# 1-D Kinematics Problem (Running to catch up to a bus)

• Civil_Disobedient
In summary, this conversation discusses a problem where a person is trying to catch a bus that is initially stationary and then accelerates at a constant rate. By setting the equations for the person and the bus equal to each other, with the person's distance being 6.0m behind the bus at t=0s, the solution is found to be t = 5.67s.
Civil_Disobedient

## Homework Statement

A person runs at a constant speed of 4.0 m/s to catch a stationary bus. When she is 6.0m behind it (t=0s), the bus leaves, accelerating with a (constant) acceleration of 1.2 m/s^2. How long does it take her to catch up to the bus?

## Homework Equations

X = Xo + Vot + 0.5at^2

## The Attempt at a Solution

Variables for the person:
Vo = 4
Xo = -6

Variables for the bus:
Vo = 0
Xo = 0
a = 1.2

Equation for the person:
X = Xo + Vot
X = -6+4t

Equation for the bus:
X = 0.5at^2
X = 0.5(1.2)t^2
X = 0.6t^2

Setting the two equations equal to each other, I got:
-6 + 4t = 0.6t
-3.4t = -6
t = 5.67s

Not sure what to do from here or if I even did everything correctly up to this point. Thanks for your help.

Civil_Disobedient said:
Equation for the person:
X = Xo + Vot
X = -6+4t

Equation for the bus:
X = 0.5at^2
X = 0.5(1.2)t^2
X = 0.6t^2

Setting the two equations equal to each other, I got:
-6 + 4t = 0.6t
Should the right hand side be 0.6t2?

Not sure what to do from here or if I even did everything correctly up to this point.
How does the value of time that you get when you solve the equation relate to the time that is asked for in the problem?

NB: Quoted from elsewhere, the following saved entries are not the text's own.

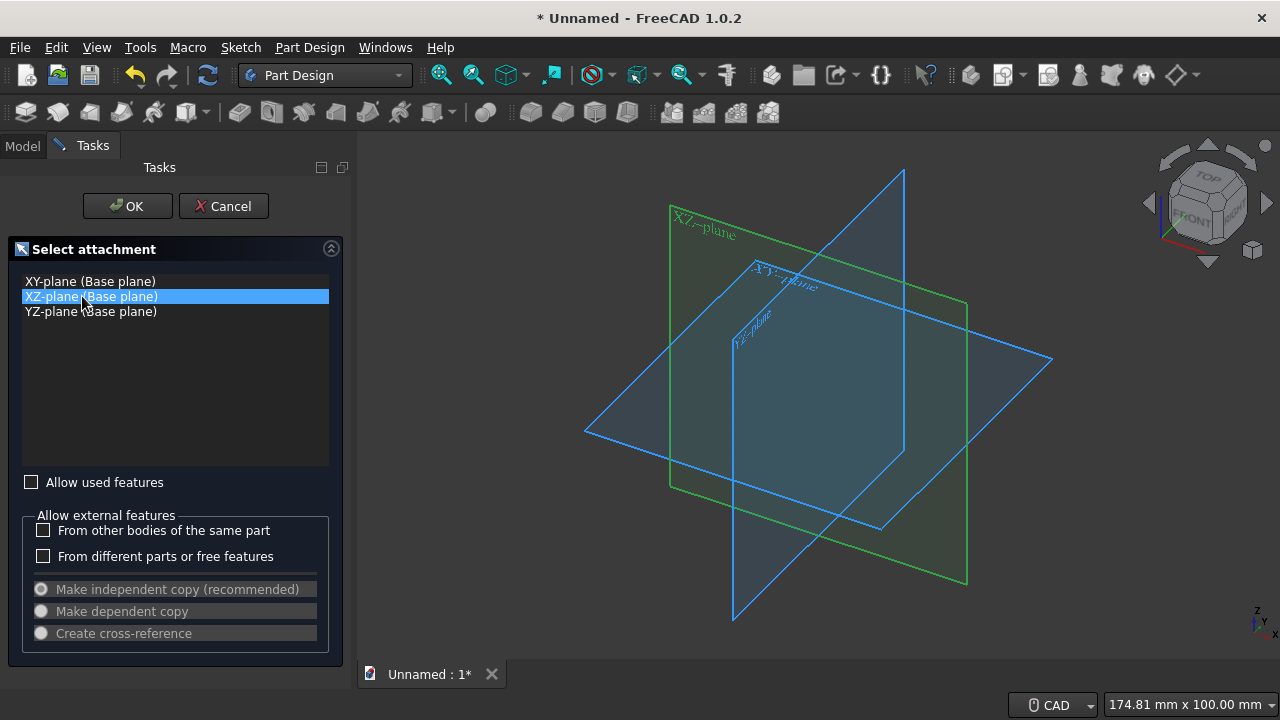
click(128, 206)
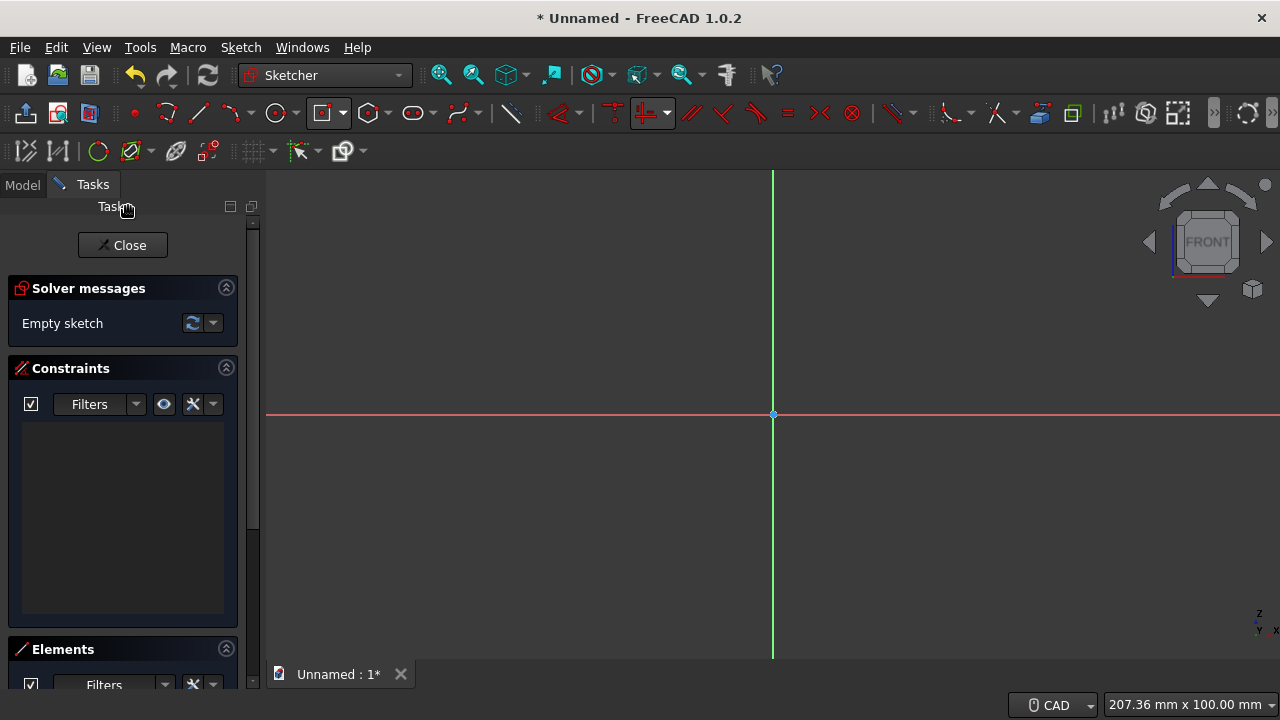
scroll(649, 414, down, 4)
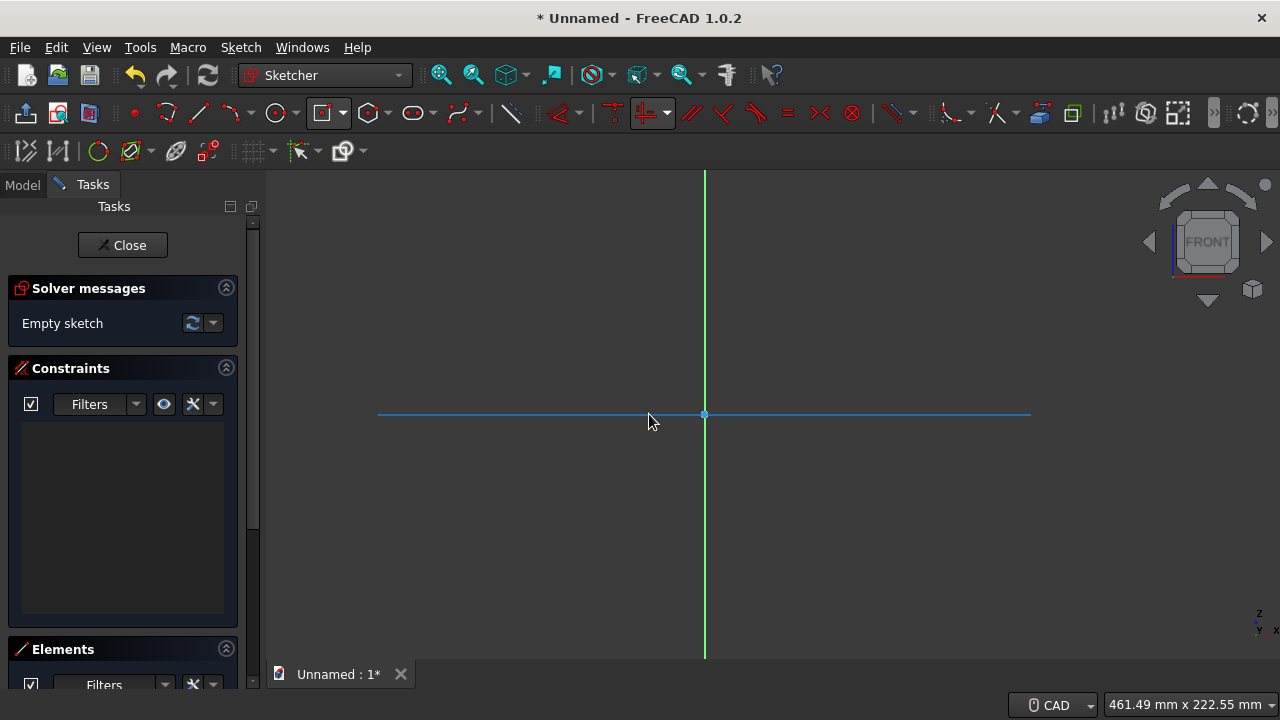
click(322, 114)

You forgot the t square in -6 + 4t = 0.6t^2

## What is 1-D kinematics?

1-D kinematics is a branch of physics that deals with the motion of objects along a straight line, without considering any forces acting on the object.

## What is a "catch-up" problem in 1-D kinematics?

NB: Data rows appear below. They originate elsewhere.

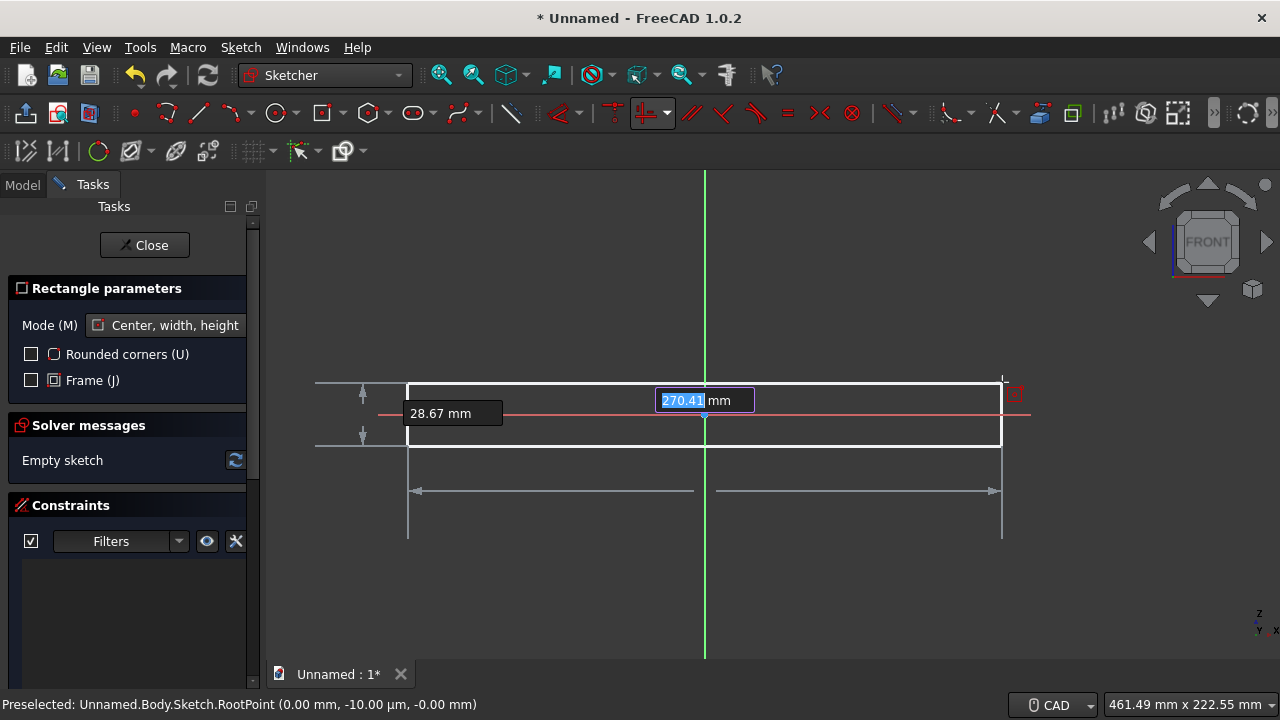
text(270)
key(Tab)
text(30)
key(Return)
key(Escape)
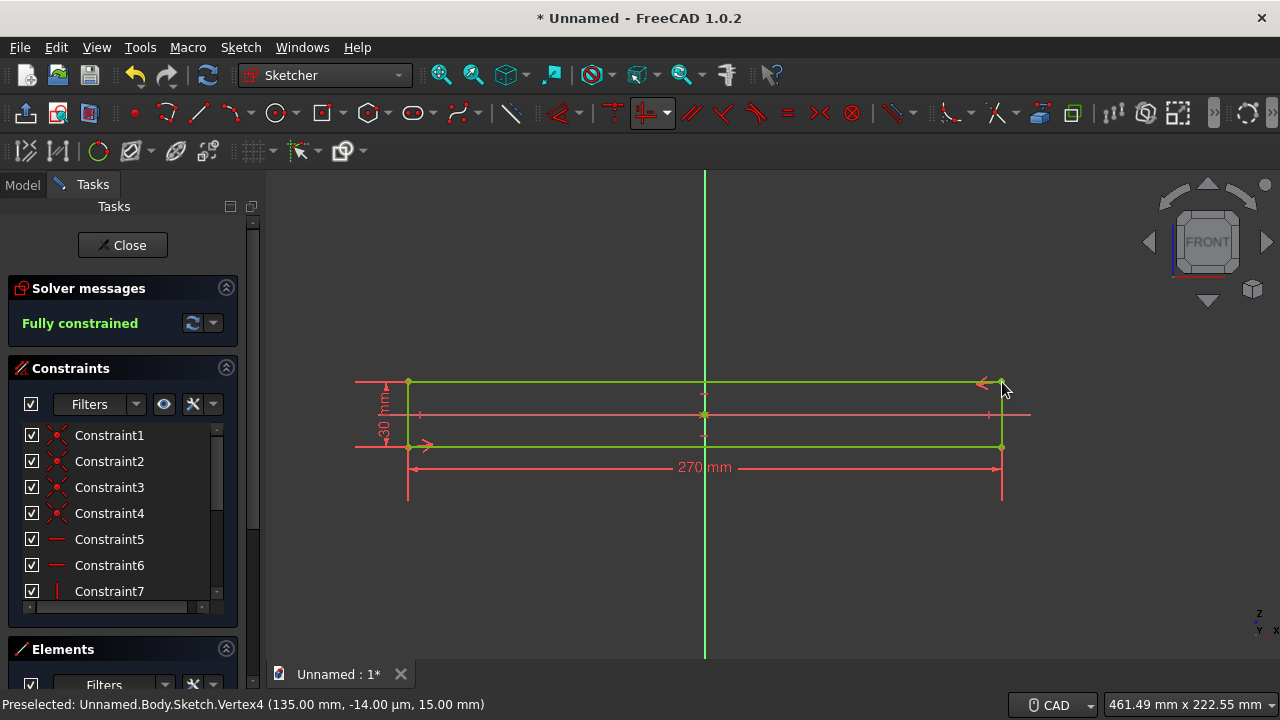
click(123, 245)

A "catch-up" problem in 1-D kinematics is a type of problem where an object starts from a certain position and moves along a straight line to catch up to another moving object that started moving earlier.

## How do you solve a "catch-up" problem in 1-D kinematics?

To solve a "catch-up" problem in 1-D kinematics, you can use the formula: distance = rate x time. You will need to set up two equations, one for each object, and solve for the time when the distances are equal.

## What factors can affect the outcome of a "catch-up" problem?

The outcome of a "catch-up" problem can be affected by factors such as the initial positions and velocities of the objects, the acceleration of the objects, and any external forces acting on the objects.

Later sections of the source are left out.